2) She then came to America by herself (unable to afford to bring me) to study for her PhD & worked/studied 80-100 hr weeks to save up enough money to afford $5-10 int’l phone calls, and ultimately enough for 2 one-way @United plane tickets for me/dad to be reunited in Nebraska.
3) My mother was strong and tough as nails. Probably why I one day married someone equally strong @andreafeigl1. But my mom was silently modest too... and she had a secret. Many years ago, after we settled in Pennsylvania, @ABC @Nightline producers one day called her out of blue:
4) The @ABC producers wanted to invite her to a @Nightline show. Note my mom was a modest professor of social studies and elementary education at small @shippensburgU. She asked why on Earth? They said it was for a 30 year reunion. “Reunion?” she asked puzzled. “Yes” ABC said...
5) Producers went on: “30 years ago, when Richard Nixon visited China, our ABC News delegation sent a crew to interview young modern women in China”—who spoke fluent English of course, which was then rare. Then it dawned on her what it was about—she did recall one interview...

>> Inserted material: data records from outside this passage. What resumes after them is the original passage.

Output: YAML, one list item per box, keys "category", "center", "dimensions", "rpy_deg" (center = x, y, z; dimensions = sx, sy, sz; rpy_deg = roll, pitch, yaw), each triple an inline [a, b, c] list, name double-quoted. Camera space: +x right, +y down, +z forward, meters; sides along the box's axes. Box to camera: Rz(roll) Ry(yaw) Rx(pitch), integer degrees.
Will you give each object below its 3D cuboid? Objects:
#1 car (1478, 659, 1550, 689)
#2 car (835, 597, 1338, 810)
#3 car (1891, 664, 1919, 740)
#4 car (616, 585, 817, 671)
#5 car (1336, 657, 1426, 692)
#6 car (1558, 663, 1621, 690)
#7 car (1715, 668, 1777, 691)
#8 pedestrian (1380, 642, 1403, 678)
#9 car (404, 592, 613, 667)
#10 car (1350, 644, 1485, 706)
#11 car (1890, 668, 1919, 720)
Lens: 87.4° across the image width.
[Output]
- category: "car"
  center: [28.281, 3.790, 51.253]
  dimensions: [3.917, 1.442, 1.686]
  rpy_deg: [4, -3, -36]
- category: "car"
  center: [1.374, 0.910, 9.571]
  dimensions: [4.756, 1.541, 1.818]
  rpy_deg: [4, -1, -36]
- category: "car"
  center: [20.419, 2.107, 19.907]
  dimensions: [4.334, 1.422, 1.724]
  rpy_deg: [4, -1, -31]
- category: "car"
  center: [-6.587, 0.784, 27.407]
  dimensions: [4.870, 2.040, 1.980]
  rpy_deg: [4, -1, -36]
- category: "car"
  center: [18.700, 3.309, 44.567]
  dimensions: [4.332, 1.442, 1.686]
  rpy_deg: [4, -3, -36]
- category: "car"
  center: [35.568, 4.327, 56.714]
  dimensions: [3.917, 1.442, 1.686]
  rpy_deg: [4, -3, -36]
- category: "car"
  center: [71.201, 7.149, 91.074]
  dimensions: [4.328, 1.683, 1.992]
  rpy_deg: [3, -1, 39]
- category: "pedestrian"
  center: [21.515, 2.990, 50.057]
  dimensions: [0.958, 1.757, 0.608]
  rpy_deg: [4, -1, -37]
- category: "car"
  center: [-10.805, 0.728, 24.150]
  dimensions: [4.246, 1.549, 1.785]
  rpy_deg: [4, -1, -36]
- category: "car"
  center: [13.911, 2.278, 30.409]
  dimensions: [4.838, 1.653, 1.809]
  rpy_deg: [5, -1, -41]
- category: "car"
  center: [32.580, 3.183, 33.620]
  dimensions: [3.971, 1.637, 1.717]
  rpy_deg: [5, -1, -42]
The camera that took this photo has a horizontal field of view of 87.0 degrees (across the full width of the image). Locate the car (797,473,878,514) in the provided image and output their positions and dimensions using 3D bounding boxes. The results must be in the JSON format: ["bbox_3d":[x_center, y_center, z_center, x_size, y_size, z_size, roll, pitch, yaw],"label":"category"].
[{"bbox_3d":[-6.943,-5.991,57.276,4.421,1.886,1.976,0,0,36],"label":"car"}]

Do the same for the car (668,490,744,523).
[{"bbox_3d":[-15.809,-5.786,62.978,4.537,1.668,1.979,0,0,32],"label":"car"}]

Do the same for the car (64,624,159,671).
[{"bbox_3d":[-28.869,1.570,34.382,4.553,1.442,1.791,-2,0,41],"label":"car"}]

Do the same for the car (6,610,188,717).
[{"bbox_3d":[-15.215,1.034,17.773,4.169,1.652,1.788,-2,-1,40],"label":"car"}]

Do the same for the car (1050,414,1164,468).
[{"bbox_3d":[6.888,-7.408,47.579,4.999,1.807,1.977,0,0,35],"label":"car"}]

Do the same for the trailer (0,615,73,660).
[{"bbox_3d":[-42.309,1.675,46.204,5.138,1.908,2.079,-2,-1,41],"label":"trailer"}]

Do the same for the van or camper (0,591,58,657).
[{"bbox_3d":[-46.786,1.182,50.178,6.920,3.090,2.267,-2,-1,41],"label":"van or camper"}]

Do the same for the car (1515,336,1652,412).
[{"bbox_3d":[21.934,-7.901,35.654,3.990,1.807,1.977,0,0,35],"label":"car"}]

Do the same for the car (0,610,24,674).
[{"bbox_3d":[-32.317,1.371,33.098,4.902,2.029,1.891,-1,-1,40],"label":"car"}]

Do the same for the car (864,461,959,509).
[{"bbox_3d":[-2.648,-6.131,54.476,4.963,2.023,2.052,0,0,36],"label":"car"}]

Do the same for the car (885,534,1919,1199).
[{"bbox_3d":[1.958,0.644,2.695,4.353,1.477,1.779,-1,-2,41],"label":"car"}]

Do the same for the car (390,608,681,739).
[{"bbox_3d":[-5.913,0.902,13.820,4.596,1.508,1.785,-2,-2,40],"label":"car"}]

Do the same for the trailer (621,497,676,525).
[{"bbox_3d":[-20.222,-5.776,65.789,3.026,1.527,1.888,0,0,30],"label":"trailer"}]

6) it was a long half day in-depth interview (because they could find few who spoke fluent English like my mother did—cuz she fought her way to be among first to study in 🇬🇧). But my mom had no idea which reporter interviewed her all those years ago—until ABC showed her the clip:
7) On the grainy @ABC footage was her in her early twenties... being interviewed by a skinny young reporter named: Ted Koppel, @real_ted_koppel, later host of @Nightline. She remembered the interview but had no clue who he was. She agreed to go on Nightline for 30 year reunion...
8) And for years, she did not me about the interview, nor even when the Nightline interview aired on TV. She just non chalantly showed me a DVD one day at home months later. She didn’t care to share because it didn’t define her. By then in early 2000s, she had lived thru so much.
9) in the end, what my mom cared about was imparting her wisdoms of how we made it as immigrants in 🇺🇸—because she wanted to train me to be tough as nails like her. She wasn’t just a Tiger mom like @amychua—instead my mom was the tiger 🐅. So, love all the brave moms out there!❤️
10) My mom was also tough enough to travel from UK 🇬🇧 back to China—via the train 🚂. Specifically from France to West Germany, thru Berlin, to East Germany, to Moscow, and the across the barren tundra of the Trans-Siberian Railroad back to China. She survived on ramen noodles.